Perhaps this is because we live in the age of buzzwords that reduce complexities into slogans that fit on bumper stickers. Consider defined outcome investing. If you do X, then Y, you can retire, send kids to college, and live happily ever after. Advisors exist within this construct as the financial equivalent of self-driving cars. Robo-advisors is another catchy phrase, suggesting that all anyone needs to do is use technology to take advantage of another buzzy phenomenon to invest in inexpensive financial products.

To be sure, there is some truth in all of those ideas, but they miss some key points that are critically important, especially when wealth increases, people age, or they live far longer than they anticipated. Low investment fees, for example, are important, but in reality they often obscure the fact that investors are piling into cheap beta that follows the market up and down. All of this stuff encourages group thinking about investing and what defines success.

At StratiFi, we believe technology can help people make better investment decisions. In our view, and not everyone will agree, technology is best used in conjunction with the human touch. Consider the last time you visited your doctor. Technology enabled your physician to listen to your heart, check your pulse, and analyze your blood. But the real value was generated by your physician. People want smart technology, but they need smart advisors.

To us, advisors have the great heroic role because advisors are on the front lines of the war. They fight these battles daily. We believe technology can help advisors more effectively solve problems and be a force multiplier that enables people to do more in less time. Words are powerful, and they can be made even more impactful with a visual image that shows investors how much risk they are taking to realize various returns. This is, in essence what animates our PRISM Rating software. Everyone knows their credit scores, and all sorts of other numbers that contextualize them in the world, but almost no one – at least anyone who is not an institutional investor – knows their risk score. We think that needs to change.
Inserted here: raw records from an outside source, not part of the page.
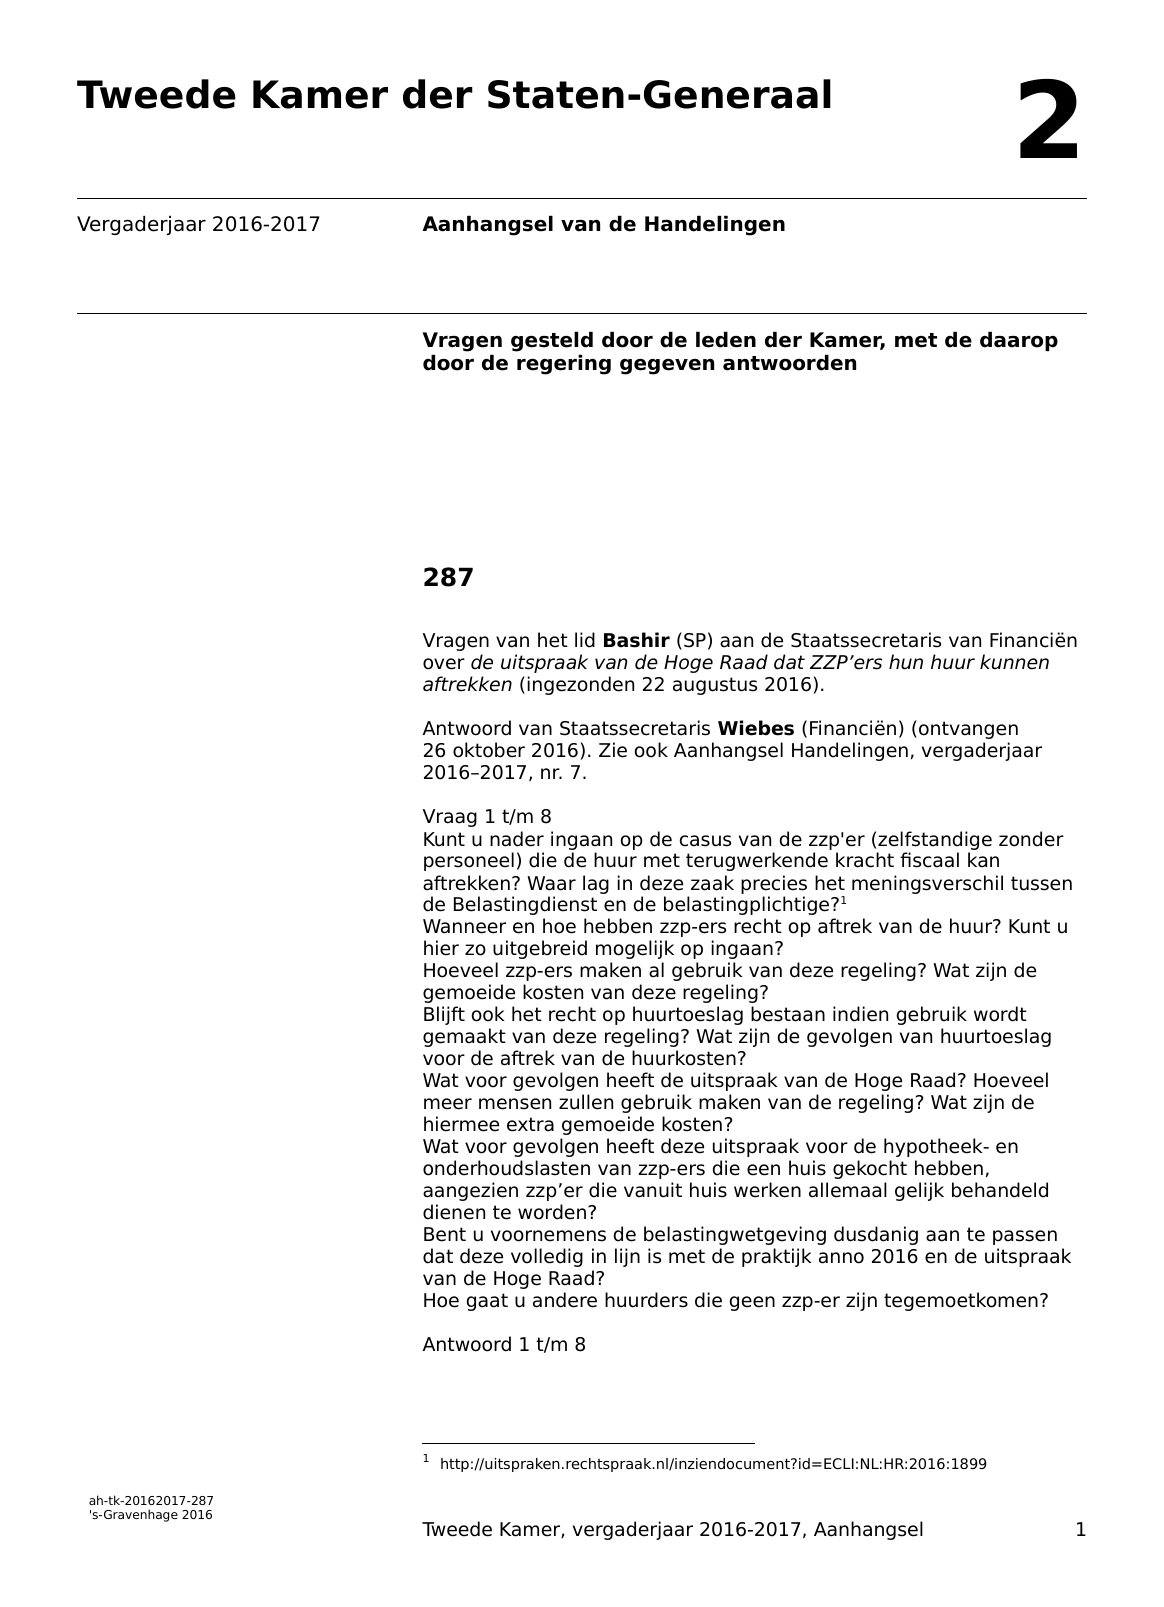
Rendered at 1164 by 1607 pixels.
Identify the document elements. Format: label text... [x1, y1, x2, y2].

table_header Tweede Kamer der Staten-Generaal [77, 59, 886, 198]
text Hoe gaat u andere huurders die geen zzp-er zijn tegemoetkomen? [422, 1290, 1087, 1312]
text Kunt u nader ingaan op de casus van de zzp'er (zelfstandige zonder personeel) die de huur met terugwerkende kracht fiscaal kan aftrekken? Waar lag in deze zaak precies het meningsverschil tussen de Belastingdienst en de belastingplichtige? [422, 828, 1087, 916]
text Vragen van het lid Bashir (SP) aan de Staatssecretaris van Financiën over de uitspraak van de Hoge Raad dat ZZP’ers hun huur kunnen aftrekken (ingezonden 22 augustus 2016). [422, 630, 1087, 696]
text Wat voor gevolgen heeft de uitspraak van de Hoge Raad? Hoeveel meer mensen zullen gebruik maken van de regeling? Wat zijn de hiermee extra gemoeide kosten? [422, 1070, 1087, 1136]
text 287 [422, 563, 1087, 592]
table_cell Aanhangsel van de Handelingen [422, 199, 1087, 313]
text Wanneer en hoe hebben zzp-ers recht op aftrek van de huur? Kunt u hier zo uitgebreid mogelijk op ingaan? [422, 916, 1087, 960]
text Antwoord van Staatssecretaris Wiebes (Financiën) (ontvangen 26 oktober 2016). Zie ook Aanhangsel Handelingen, vergaderjaar 2016–2017, nr. 7. [422, 718, 1087, 784]
text Antwoord 1 t/m 8 [422, 1334, 1087, 1356]
text ah-tk-20162017-287 [88, 1494, 323, 1508]
text Blijft ook het recht op huurtoeslag bestaan indien gebruik wordt gemaakt van deze regeling? Wat zijn de gevolgen van huurtoeslag voor de aftrek van de huurkosten? [422, 1004, 1087, 1070]
table_header 2 [886, 59, 1087, 198]
text Wat voor gevolgen heeft deze uitspraak voor de hypotheek- en onderhoudslasten van zzp-ers die een huis gekocht hebben, aangezien zzp’er die vanuit huis werken allemaal gelijk behandeld dienen te worden? [422, 1136, 1087, 1224]
text Hoeveel zzp-ers maken al gebruik van deze regeling? Wat zijn de gemoeide kosten van deze regeling? [422, 960, 1087, 1004]
text http://uitspraken.rechtspraak.nl/inziendocument?id=ECLI:NL:HR:2016:1899 [422, 1452, 1087, 1474]
table_cell Vergaderjaar 2016-2017 [77, 199, 422, 313]
text Bent u voornemens de belastingwetgeving dusdanig aan te passen dat deze volledig in lijn is met de praktijk anno 2016 en de uitspraak van de Hoge Raad? [422, 1224, 1087, 1290]
text 's-Gravenhage 2016 [88, 1508, 323, 1522]
table_cell Vragen gesteld door de leden der Kamer, met de daarop door de regering gegeven antwoorden [422, 314, 1087, 375]
text Vraag 1 t/m 8 [422, 806, 1087, 828]
table_cell [77, 314, 422, 375]

The nation faces a great financial literacy crisis, and an even greater retirement crisis, and we want to try to change outcomes. We want to help solve some of the most difficult, pressing questions of finance: how to define and manage risk to maximize returns in a way that is intuitive, and easy to use. We believe that part of the solution includes creating a community that is focused and engaged in conversation about these principles. If we succeed, we will witness the value of Metcalfe’s Law, which essentially states that the value of a network is proportional to the square of the number of users. The law is rooted in the telecommunication sector, but it has become a key principle of the value of social networks.

We want you to have intuitive tools that are easy to use and understand. We think this will help bring you closer to your clients by showing them how a combination of a common language, technology, and investment disciplines, all of which are embedded in software, can lead to better outcomes. We think that addressing those issues will add a degree of stability to your practice, help you grow your business, and help your clients have less volatile, more predictable relationships with their investment accounts. By defining risk, we can see returns as they truly are.

We want to help advisors become the single most valuable asset in their client’s portfolios. We think we can do this by helping advisors become risk managers and educators. Those two roles are woefully absent from the lives of most investors, and it is time to change.